Data records
◇ ◇ ◇ ◇ ◇

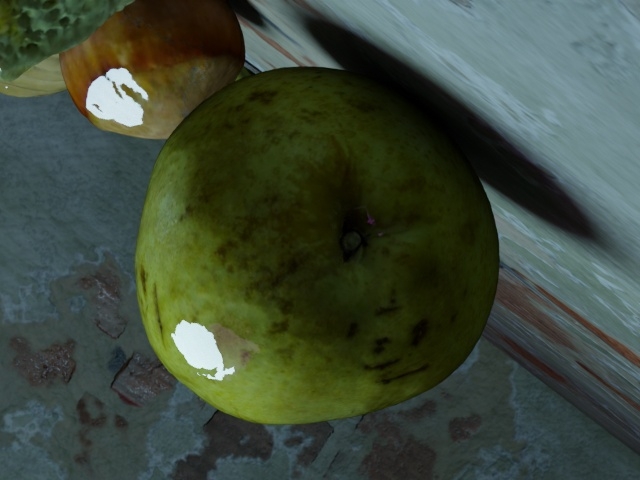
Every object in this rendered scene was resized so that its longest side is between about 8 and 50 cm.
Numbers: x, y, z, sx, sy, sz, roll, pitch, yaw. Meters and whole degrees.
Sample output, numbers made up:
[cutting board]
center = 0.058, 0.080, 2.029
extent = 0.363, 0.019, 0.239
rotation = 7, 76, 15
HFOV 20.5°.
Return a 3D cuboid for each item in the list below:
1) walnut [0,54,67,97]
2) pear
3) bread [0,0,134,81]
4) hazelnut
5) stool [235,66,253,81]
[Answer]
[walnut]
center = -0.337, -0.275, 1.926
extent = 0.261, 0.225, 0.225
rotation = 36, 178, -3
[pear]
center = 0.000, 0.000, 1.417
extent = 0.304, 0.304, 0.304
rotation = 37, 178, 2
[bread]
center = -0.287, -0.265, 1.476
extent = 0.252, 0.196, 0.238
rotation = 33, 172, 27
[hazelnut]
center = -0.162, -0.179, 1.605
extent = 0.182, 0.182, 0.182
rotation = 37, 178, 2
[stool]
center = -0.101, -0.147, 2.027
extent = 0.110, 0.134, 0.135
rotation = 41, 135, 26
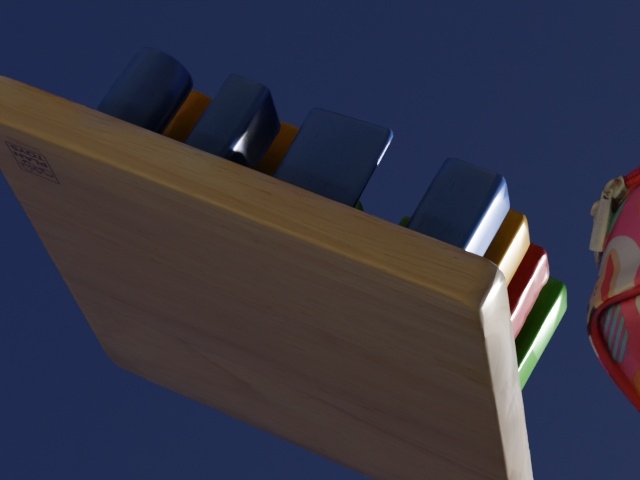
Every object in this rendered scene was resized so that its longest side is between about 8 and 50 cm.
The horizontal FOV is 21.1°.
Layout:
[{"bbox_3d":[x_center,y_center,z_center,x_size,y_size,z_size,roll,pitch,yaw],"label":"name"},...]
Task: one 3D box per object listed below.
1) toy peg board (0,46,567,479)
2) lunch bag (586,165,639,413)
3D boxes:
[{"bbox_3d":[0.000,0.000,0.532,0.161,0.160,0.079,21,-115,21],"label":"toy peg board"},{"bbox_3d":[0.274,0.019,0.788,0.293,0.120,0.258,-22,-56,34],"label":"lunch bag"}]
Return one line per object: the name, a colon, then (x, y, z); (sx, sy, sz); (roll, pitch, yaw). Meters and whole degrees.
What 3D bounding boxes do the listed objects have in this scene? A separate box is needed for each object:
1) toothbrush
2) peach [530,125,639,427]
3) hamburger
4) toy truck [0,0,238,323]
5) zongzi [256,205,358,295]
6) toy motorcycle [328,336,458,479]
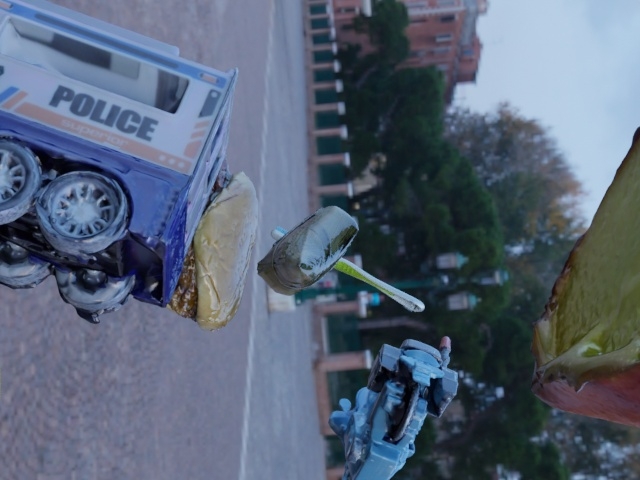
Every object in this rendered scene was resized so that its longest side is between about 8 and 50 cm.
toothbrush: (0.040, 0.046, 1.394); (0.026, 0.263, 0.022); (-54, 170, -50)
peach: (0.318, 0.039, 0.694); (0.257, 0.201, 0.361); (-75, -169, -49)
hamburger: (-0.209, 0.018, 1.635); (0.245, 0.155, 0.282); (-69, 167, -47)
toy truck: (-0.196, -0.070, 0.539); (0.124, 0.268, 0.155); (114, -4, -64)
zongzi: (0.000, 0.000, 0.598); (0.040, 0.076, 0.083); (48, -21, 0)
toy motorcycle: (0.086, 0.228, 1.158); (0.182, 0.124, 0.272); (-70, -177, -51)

◇ ◇ ◇ ◇ ◇

Exercise instructions -
A verbatim transcription is needed of the lines above, starting at the line with "2) lunch bag (586,165,639,413)" and ending at the line with "6) toy motorcycle [328,336,458,479]", both included, and of nothing else.

Written answer -
2) lunch bag (586,165,639,413)
3D boxes:
[{"bbox_3d":[0.000,0.000,0.532,0.161,0.160,0.079,21,-115,21],"label":"toy peg board"},{"bbox_3d":[0.274,0.019,0.788,0.293,0.120,0.258,-22,-56,34],"label":"lunch bag"}]
Return one line per object: the name, a colon, then (x, y, z); (sx, sy, sz); (roll, pitch, yaw). Meters and whole degrees.
What 3D bounding boxes do the listed objects have in this scene? A separate box is needed for each object:
1) toothbrush
2) peach [530,125,639,427]
3) hamburger
4) toy truck [0,0,238,323]
5) zongzi [256,205,358,295]
6) toy motorcycle [328,336,458,479]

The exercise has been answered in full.